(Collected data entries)
# # # #

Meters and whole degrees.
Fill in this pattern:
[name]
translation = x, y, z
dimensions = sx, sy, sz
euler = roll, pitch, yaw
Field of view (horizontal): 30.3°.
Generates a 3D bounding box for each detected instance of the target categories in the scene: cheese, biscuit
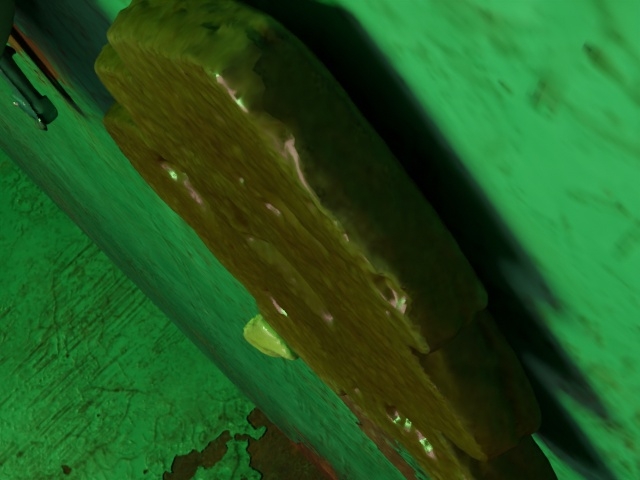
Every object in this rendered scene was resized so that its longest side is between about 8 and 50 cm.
[cheese]
translation = -0.034, 0.073, 0.899
dimensions = 0.044, 0.030, 0.083
euler = 52, 164, 0
[biscuit]
translation = 0.001, -0.001, 0.454
dimensions = 0.278, 0.043, 0.301
euler = 46, 168, 13

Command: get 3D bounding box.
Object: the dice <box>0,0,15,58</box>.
[dice]
translation = -0.332, -0.117, 0.636
dimensions = 0.243, 0.251, 0.259
euler = 37, 160, 1

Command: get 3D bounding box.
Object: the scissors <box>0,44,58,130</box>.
[scissors]
translation = -0.290, -0.217, 0.800
dimensions = 0.180, 0.032, 0.393
euler = 33, 163, 47

# # # #

## TASK OBJECTIVE
Can you repeat every record above exactly, apart from the pictures?

## YOUR RESPONSE
Meters and whole degrees.
Fill in this pattern:
[name]
translation = x, y, z
dimensions = sx, sy, sz
euler = roll, pitch, yaw
Field of view (horizontal): 30.3°.
Generates a 3D bounding box for each detected instance of the target categories in the scene: cheese, biscuit
Every object in this rendered scene was resized so that its longest side is between about 8 and 50 cm.
[cheese]
translation = -0.034, 0.073, 0.899
dimensions = 0.044, 0.030, 0.083
euler = 52, 164, 0
[biscuit]
translation = 0.001, -0.001, 0.454
dimensions = 0.278, 0.043, 0.301
euler = 46, 168, 13

Command: get 3D bounding box.
Object: the dice <box>0,0,15,58</box>.
[dice]
translation = -0.332, -0.117, 0.636
dimensions = 0.243, 0.251, 0.259
euler = 37, 160, 1

Command: get 3D bounding box.
Object: the scissors <box>0,44,58,130</box>.
[scissors]
translation = -0.290, -0.217, 0.800
dimensions = 0.180, 0.032, 0.393
euler = 33, 163, 47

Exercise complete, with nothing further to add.